# Exercise details
Nothing should appear in the answer except the lines below from the line containing "Horizontal angle of view: 35.5°." through the line containing "Answer in list", copied exactly, with pictures left out.

[Dataset entries]
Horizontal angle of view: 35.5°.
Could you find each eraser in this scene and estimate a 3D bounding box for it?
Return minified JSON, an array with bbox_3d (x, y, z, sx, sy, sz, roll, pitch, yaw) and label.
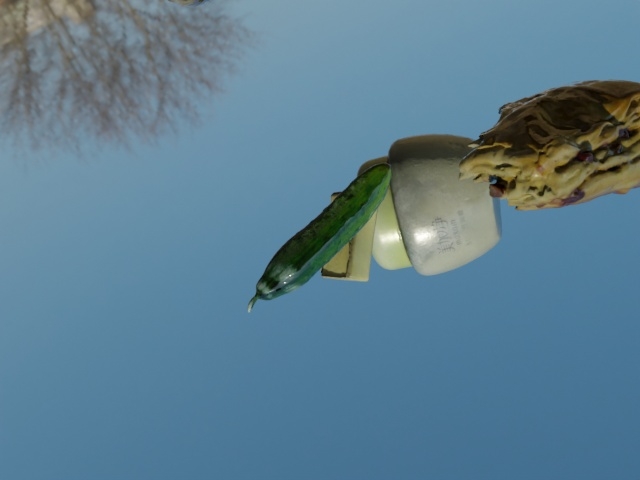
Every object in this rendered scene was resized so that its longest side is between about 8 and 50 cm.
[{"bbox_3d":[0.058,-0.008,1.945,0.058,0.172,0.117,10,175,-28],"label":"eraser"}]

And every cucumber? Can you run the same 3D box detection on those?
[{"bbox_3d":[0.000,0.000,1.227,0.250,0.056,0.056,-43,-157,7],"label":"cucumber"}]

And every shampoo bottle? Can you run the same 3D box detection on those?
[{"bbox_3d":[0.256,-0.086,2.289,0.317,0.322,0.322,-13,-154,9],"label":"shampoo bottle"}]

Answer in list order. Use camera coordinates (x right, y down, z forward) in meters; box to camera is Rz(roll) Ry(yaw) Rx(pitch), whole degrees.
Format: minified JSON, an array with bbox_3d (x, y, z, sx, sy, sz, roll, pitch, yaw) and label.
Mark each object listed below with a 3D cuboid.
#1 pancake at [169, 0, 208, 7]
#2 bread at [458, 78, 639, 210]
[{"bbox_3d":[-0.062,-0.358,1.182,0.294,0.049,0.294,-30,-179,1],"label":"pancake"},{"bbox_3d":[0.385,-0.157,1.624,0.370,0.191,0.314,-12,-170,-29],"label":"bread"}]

* * *

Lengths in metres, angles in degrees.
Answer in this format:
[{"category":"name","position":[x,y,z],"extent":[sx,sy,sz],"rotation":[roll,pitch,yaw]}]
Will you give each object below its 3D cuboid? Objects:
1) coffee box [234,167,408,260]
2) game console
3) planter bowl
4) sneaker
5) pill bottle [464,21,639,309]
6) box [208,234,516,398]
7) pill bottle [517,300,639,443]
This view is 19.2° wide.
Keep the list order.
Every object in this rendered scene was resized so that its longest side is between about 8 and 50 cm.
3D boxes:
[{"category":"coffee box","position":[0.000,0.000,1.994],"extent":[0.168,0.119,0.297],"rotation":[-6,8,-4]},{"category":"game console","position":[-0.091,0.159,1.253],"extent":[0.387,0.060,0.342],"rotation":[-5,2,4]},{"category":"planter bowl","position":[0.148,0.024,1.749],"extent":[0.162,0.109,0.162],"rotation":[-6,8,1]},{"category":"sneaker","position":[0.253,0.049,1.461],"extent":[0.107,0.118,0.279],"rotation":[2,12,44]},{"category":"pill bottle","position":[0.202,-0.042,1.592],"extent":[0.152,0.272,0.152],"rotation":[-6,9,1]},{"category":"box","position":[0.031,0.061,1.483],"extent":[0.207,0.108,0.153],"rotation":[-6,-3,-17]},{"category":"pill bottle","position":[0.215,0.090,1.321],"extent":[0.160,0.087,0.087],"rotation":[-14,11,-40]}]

# Answer box
Horizontal angle of view: 35.5°.
Could you find each eraser in this scene and estimate a 3D bounding box for it?
Return minified JSON, an array with bbox_3d (x, y, z, sx, sy, sz, roll, pitch, yaw) and label.
Every object in this rendered scene was resized so that its longest side is between about 8 and 50 cm.
[{"bbox_3d":[0.058,-0.008,1.945,0.058,0.172,0.117,10,175,-28],"label":"eraser"}]

And every cucumber? Can you run the same 3D box detection on those?
[{"bbox_3d":[0.000,0.000,1.227,0.250,0.056,0.056,-43,-157,7],"label":"cucumber"}]

And every shampoo bottle? Can you run the same 3D box detection on those?
[{"bbox_3d":[0.256,-0.086,2.289,0.317,0.322,0.322,-13,-154,9],"label":"shampoo bottle"}]

Answer in list order. Use camera coordinates (x right, y down, z forward) in meters; box to camera is Rz(roll) Ry(yaw) Rx(pitch), whole degrees.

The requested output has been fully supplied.